Thank You
A link to
"No Game for Old Men"
has been emailed to your friends.Most E-mailed articles:
Kiki Cuyler was a terrific right-fielder for the Pittsburgh Pirates and the Chicago Cubs in the 1920’s and 30’s, a Johnny Damon-type player with speed and extra-base power. In 1925 he hit .357 and led the National League in triples and runs scored. From 1926 through 1930, he led the league in stolen bases in every year but one. In the mid-30’s, after an injury, Cuyler started to slow down. He played his last season with the Brooklyn Dodgers as a second-string outfielder, and was out of the majors by the age of forty.
A couple of years later, Cuyler’s son was offered a spot on a minor-league team. According to the baseball historian Bill James, Kiki knew that his son was not good enough, and wanted to spare him the pain of finding out. “Look, son,” he said, “I had to leave the major leagues because my legs have gone back on me, and that’s why I’m through as a player. But I’ll race you a hundred yards. If you beat me, I’ll say it’s all right to go ahead. If I beat you, you’ll give it up.” Kiki won by fifteen yards, going away.

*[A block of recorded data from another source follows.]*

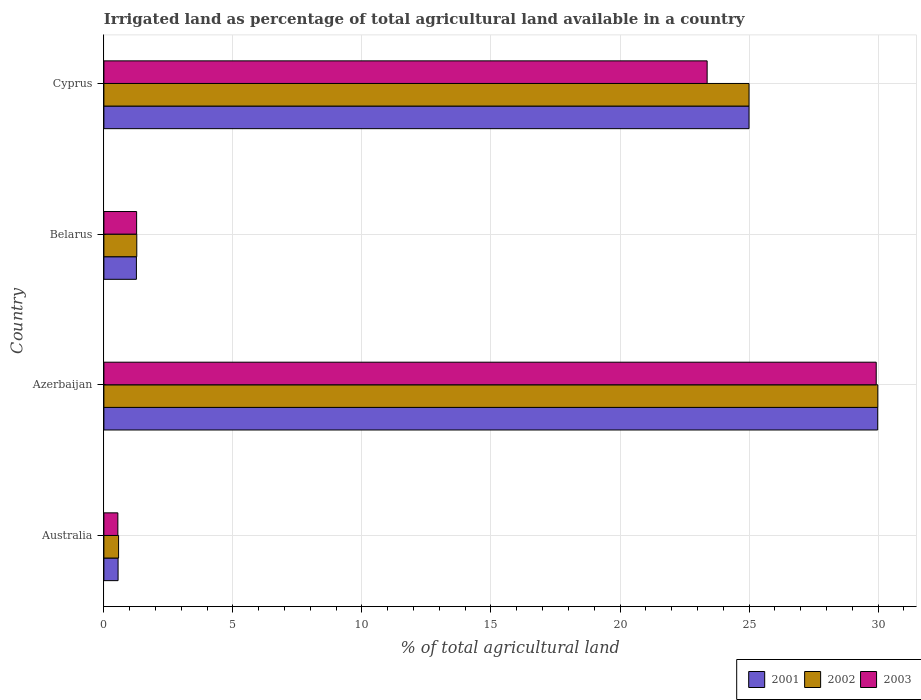How many groups of bars are there?
Ensure brevity in your answer.  4. What is the label of the 2nd group of bars from the top?
Your response must be concise. Belarus. In how many cases, is the number of bars for a given country not equal to the number of legend labels?
Your response must be concise. 0. What is the percentage of irrigated land in 2003 in Australia?
Your answer should be very brief. 0.54. Across all countries, what is the maximum percentage of irrigated land in 2002?
Offer a terse response. 29.99. Across all countries, what is the minimum percentage of irrigated land in 2001?
Ensure brevity in your answer.  0.55. In which country was the percentage of irrigated land in 2002 maximum?
Ensure brevity in your answer.  Azerbaijan. What is the total percentage of irrigated land in 2002 in the graph?
Your answer should be compact. 56.83. What is the difference between the percentage of irrigated land in 2002 in Azerbaijan and that in Belarus?
Your answer should be very brief. 28.72. What is the difference between the percentage of irrigated land in 2003 in Cyprus and the percentage of irrigated land in 2002 in Australia?
Keep it short and to the point. 22.81. What is the average percentage of irrigated land in 2002 per country?
Your answer should be compact. 14.21. What is the difference between the percentage of irrigated land in 2002 and percentage of irrigated land in 2001 in Australia?
Make the answer very short. 0.02. What is the ratio of the percentage of irrigated land in 2002 in Australia to that in Belarus?
Your response must be concise. 0.45. Is the percentage of irrigated land in 2002 in Azerbaijan less than that in Cyprus?
Make the answer very short. No. What is the difference between the highest and the second highest percentage of irrigated land in 2003?
Your answer should be very brief. 6.55. What is the difference between the highest and the lowest percentage of irrigated land in 2003?
Give a very brief answer. 29.39. In how many countries, is the percentage of irrigated land in 2003 greater than the average percentage of irrigated land in 2003 taken over all countries?
Your answer should be very brief. 2. Is it the case that in every country, the sum of the percentage of irrigated land in 2003 and percentage of irrigated land in 2002 is greater than the percentage of irrigated land in 2001?
Give a very brief answer. Yes. What is the difference between two consecutive major ticks on the X-axis?
Offer a terse response. 5. How are the legend labels stacked?
Give a very brief answer. Horizontal. What is the title of the graph?
Provide a short and direct response. Irrigated land as percentage of total agricultural land available in a country. What is the label or title of the X-axis?
Your answer should be very brief. % of total agricultural land. What is the % of total agricultural land in 2001 in Australia?
Provide a succinct answer. 0.55. What is the % of total agricultural land of 2002 in Australia?
Give a very brief answer. 0.57. What is the % of total agricultural land in 2003 in Australia?
Keep it short and to the point. 0.54. What is the % of total agricultural land of 2001 in Azerbaijan?
Provide a short and direct response. 29.99. What is the % of total agricultural land in 2002 in Azerbaijan?
Ensure brevity in your answer.  29.99. What is the % of total agricultural land in 2003 in Azerbaijan?
Ensure brevity in your answer.  29.93. What is the % of total agricultural land in 2001 in Belarus?
Offer a very short reply. 1.26. What is the % of total agricultural land in 2002 in Belarus?
Your answer should be compact. 1.27. What is the % of total agricultural land in 2003 in Belarus?
Your response must be concise. 1.27. What is the % of total agricultural land of 2003 in Cyprus?
Give a very brief answer. 23.38. Across all countries, what is the maximum % of total agricultural land in 2001?
Offer a very short reply. 29.99. Across all countries, what is the maximum % of total agricultural land of 2002?
Provide a succinct answer. 29.99. Across all countries, what is the maximum % of total agricultural land in 2003?
Your response must be concise. 29.93. Across all countries, what is the minimum % of total agricultural land in 2001?
Your answer should be very brief. 0.55. Across all countries, what is the minimum % of total agricultural land in 2002?
Keep it short and to the point. 0.57. Across all countries, what is the minimum % of total agricultural land of 2003?
Make the answer very short. 0.54. What is the total % of total agricultural land of 2001 in the graph?
Make the answer very short. 56.8. What is the total % of total agricultural land in 2002 in the graph?
Give a very brief answer. 56.83. What is the total % of total agricultural land in 2003 in the graph?
Keep it short and to the point. 55.12. What is the difference between the % of total agricultural land in 2001 in Australia and that in Azerbaijan?
Offer a very short reply. -29.44. What is the difference between the % of total agricultural land of 2002 in Australia and that in Azerbaijan?
Your answer should be compact. -29.42. What is the difference between the % of total agricultural land of 2003 in Australia and that in Azerbaijan?
Give a very brief answer. -29.39. What is the difference between the % of total agricultural land of 2001 in Australia and that in Belarus?
Offer a very short reply. -0.71. What is the difference between the % of total agricultural land in 2002 in Australia and that in Belarus?
Give a very brief answer. -0.7. What is the difference between the % of total agricultural land of 2003 in Australia and that in Belarus?
Provide a short and direct response. -0.73. What is the difference between the % of total agricultural land of 2001 in Australia and that in Cyprus?
Offer a terse response. -24.45. What is the difference between the % of total agricultural land of 2002 in Australia and that in Cyprus?
Your response must be concise. -24.43. What is the difference between the % of total agricultural land of 2003 in Australia and that in Cyprus?
Ensure brevity in your answer.  -22.84. What is the difference between the % of total agricultural land of 2001 in Azerbaijan and that in Belarus?
Provide a succinct answer. 28.73. What is the difference between the % of total agricultural land of 2002 in Azerbaijan and that in Belarus?
Give a very brief answer. 28.72. What is the difference between the % of total agricultural land in 2003 in Azerbaijan and that in Belarus?
Provide a short and direct response. 28.66. What is the difference between the % of total agricultural land of 2001 in Azerbaijan and that in Cyprus?
Provide a succinct answer. 4.99. What is the difference between the % of total agricultural land of 2002 in Azerbaijan and that in Cyprus?
Provide a succinct answer. 4.99. What is the difference between the % of total agricultural land of 2003 in Azerbaijan and that in Cyprus?
Make the answer very short. 6.55. What is the difference between the % of total agricultural land of 2001 in Belarus and that in Cyprus?
Make the answer very short. -23.74. What is the difference between the % of total agricultural land in 2002 in Belarus and that in Cyprus?
Your answer should be very brief. -23.73. What is the difference between the % of total agricultural land in 2003 in Belarus and that in Cyprus?
Your response must be concise. -22.11. What is the difference between the % of total agricultural land of 2001 in Australia and the % of total agricultural land of 2002 in Azerbaijan?
Make the answer very short. -29.44. What is the difference between the % of total agricultural land of 2001 in Australia and the % of total agricultural land of 2003 in Azerbaijan?
Your answer should be compact. -29.38. What is the difference between the % of total agricultural land in 2002 in Australia and the % of total agricultural land in 2003 in Azerbaijan?
Keep it short and to the point. -29.36. What is the difference between the % of total agricultural land of 2001 in Australia and the % of total agricultural land of 2002 in Belarus?
Offer a terse response. -0.72. What is the difference between the % of total agricultural land in 2001 in Australia and the % of total agricultural land in 2003 in Belarus?
Your answer should be compact. -0.72. What is the difference between the % of total agricultural land of 2002 in Australia and the % of total agricultural land of 2003 in Belarus?
Provide a succinct answer. -0.7. What is the difference between the % of total agricultural land of 2001 in Australia and the % of total agricultural land of 2002 in Cyprus?
Your response must be concise. -24.45. What is the difference between the % of total agricultural land in 2001 in Australia and the % of total agricultural land in 2003 in Cyprus?
Your answer should be compact. -22.83. What is the difference between the % of total agricultural land in 2002 in Australia and the % of total agricultural land in 2003 in Cyprus?
Your response must be concise. -22.81. What is the difference between the % of total agricultural land in 2001 in Azerbaijan and the % of total agricultural land in 2002 in Belarus?
Provide a succinct answer. 28.71. What is the difference between the % of total agricultural land of 2001 in Azerbaijan and the % of total agricultural land of 2003 in Belarus?
Your answer should be very brief. 28.72. What is the difference between the % of total agricultural land of 2002 in Azerbaijan and the % of total agricultural land of 2003 in Belarus?
Your answer should be very brief. 28.72. What is the difference between the % of total agricultural land in 2001 in Azerbaijan and the % of total agricultural land in 2002 in Cyprus?
Your answer should be compact. 4.99. What is the difference between the % of total agricultural land of 2001 in Azerbaijan and the % of total agricultural land of 2003 in Cyprus?
Provide a short and direct response. 6.61. What is the difference between the % of total agricultural land in 2002 in Azerbaijan and the % of total agricultural land in 2003 in Cyprus?
Ensure brevity in your answer.  6.61. What is the difference between the % of total agricultural land of 2001 in Belarus and the % of total agricultural land of 2002 in Cyprus?
Your answer should be very brief. -23.74. What is the difference between the % of total agricultural land of 2001 in Belarus and the % of total agricultural land of 2003 in Cyprus?
Ensure brevity in your answer.  -22.12. What is the difference between the % of total agricultural land of 2002 in Belarus and the % of total agricultural land of 2003 in Cyprus?
Your response must be concise. -22.1. What is the average % of total agricultural land of 2001 per country?
Your answer should be compact. 14.2. What is the average % of total agricultural land of 2002 per country?
Make the answer very short. 14.21. What is the average % of total agricultural land of 2003 per country?
Your answer should be very brief. 13.78. What is the difference between the % of total agricultural land in 2001 and % of total agricultural land in 2002 in Australia?
Provide a succinct answer. -0.02. What is the difference between the % of total agricultural land in 2001 and % of total agricultural land in 2003 in Australia?
Ensure brevity in your answer.  0.01. What is the difference between the % of total agricultural land of 2002 and % of total agricultural land of 2003 in Australia?
Ensure brevity in your answer.  0.03. What is the difference between the % of total agricultural land of 2001 and % of total agricultural land of 2002 in Azerbaijan?
Give a very brief answer. -0. What is the difference between the % of total agricultural land of 2001 and % of total agricultural land of 2003 in Azerbaijan?
Make the answer very short. 0.06. What is the difference between the % of total agricultural land in 2002 and % of total agricultural land in 2003 in Azerbaijan?
Offer a very short reply. 0.06. What is the difference between the % of total agricultural land in 2001 and % of total agricultural land in 2002 in Belarus?
Provide a short and direct response. -0.01. What is the difference between the % of total agricultural land of 2001 and % of total agricultural land of 2003 in Belarus?
Keep it short and to the point. -0.01. What is the difference between the % of total agricultural land of 2002 and % of total agricultural land of 2003 in Belarus?
Your response must be concise. 0.01. What is the difference between the % of total agricultural land in 2001 and % of total agricultural land in 2003 in Cyprus?
Make the answer very short. 1.62. What is the difference between the % of total agricultural land of 2002 and % of total agricultural land of 2003 in Cyprus?
Provide a succinct answer. 1.62. What is the ratio of the % of total agricultural land in 2001 in Australia to that in Azerbaijan?
Your answer should be compact. 0.02. What is the ratio of the % of total agricultural land in 2002 in Australia to that in Azerbaijan?
Your response must be concise. 0.02. What is the ratio of the % of total agricultural land of 2003 in Australia to that in Azerbaijan?
Provide a succinct answer. 0.02. What is the ratio of the % of total agricultural land in 2001 in Australia to that in Belarus?
Provide a succinct answer. 0.44. What is the ratio of the % of total agricultural land in 2002 in Australia to that in Belarus?
Your answer should be compact. 0.45. What is the ratio of the % of total agricultural land of 2003 in Australia to that in Belarus?
Your answer should be compact. 0.43. What is the ratio of the % of total agricultural land in 2001 in Australia to that in Cyprus?
Ensure brevity in your answer.  0.02. What is the ratio of the % of total agricultural land of 2002 in Australia to that in Cyprus?
Keep it short and to the point. 0.02. What is the ratio of the % of total agricultural land of 2003 in Australia to that in Cyprus?
Provide a succinct answer. 0.02. What is the ratio of the % of total agricultural land of 2001 in Azerbaijan to that in Belarus?
Your answer should be very brief. 23.8. What is the ratio of the % of total agricultural land of 2002 in Azerbaijan to that in Belarus?
Offer a very short reply. 23.54. What is the ratio of the % of total agricultural land in 2003 in Azerbaijan to that in Belarus?
Keep it short and to the point. 23.59. What is the ratio of the % of total agricultural land of 2001 in Azerbaijan to that in Cyprus?
Give a very brief answer. 1.2. What is the ratio of the % of total agricultural land of 2002 in Azerbaijan to that in Cyprus?
Your answer should be compact. 1.2. What is the ratio of the % of total agricultural land in 2003 in Azerbaijan to that in Cyprus?
Your answer should be compact. 1.28. What is the ratio of the % of total agricultural land in 2001 in Belarus to that in Cyprus?
Your answer should be compact. 0.05. What is the ratio of the % of total agricultural land in 2002 in Belarus to that in Cyprus?
Provide a succinct answer. 0.05. What is the ratio of the % of total agricultural land of 2003 in Belarus to that in Cyprus?
Your answer should be very brief. 0.05. What is the difference between the highest and the second highest % of total agricultural land in 2001?
Your answer should be compact. 4.99. What is the difference between the highest and the second highest % of total agricultural land of 2002?
Give a very brief answer. 4.99. What is the difference between the highest and the second highest % of total agricultural land in 2003?
Make the answer very short. 6.55. What is the difference between the highest and the lowest % of total agricultural land in 2001?
Your response must be concise. 29.44. What is the difference between the highest and the lowest % of total agricultural land of 2002?
Offer a very short reply. 29.42. What is the difference between the highest and the lowest % of total agricultural land in 2003?
Your answer should be compact. 29.39.

Nowadays, to judge by former U.S. Senator George Mitchell’s recently delivered 409-page Report to the Commissioner of Baseball of an Independent Investigation Into the Illegal Use of Steroids and Other Performance-Enhancing Substances by Players in Major League Baseball, a player like Kiki, and maybe even his son, would have other options.
_____________
Performance-enhancing drugs are most tempting to players at the margins of talent, health, and, perhaps most of all, age. A minor leaguer—especially one who is not a power hitter—can muscle up to get to the majors. A good pitcher can move into the superstar category by throwing a faster fastball. With the use of anabolic steroids, a great hitter can build extraordinary muscle mass, increase his endurance, and prolong his dominance. For older players, human-growth hormone (HGH) can speed the healing after an injury, help tired bodies bounce back from workouts, and prevent the muscle deterioration that comes with age.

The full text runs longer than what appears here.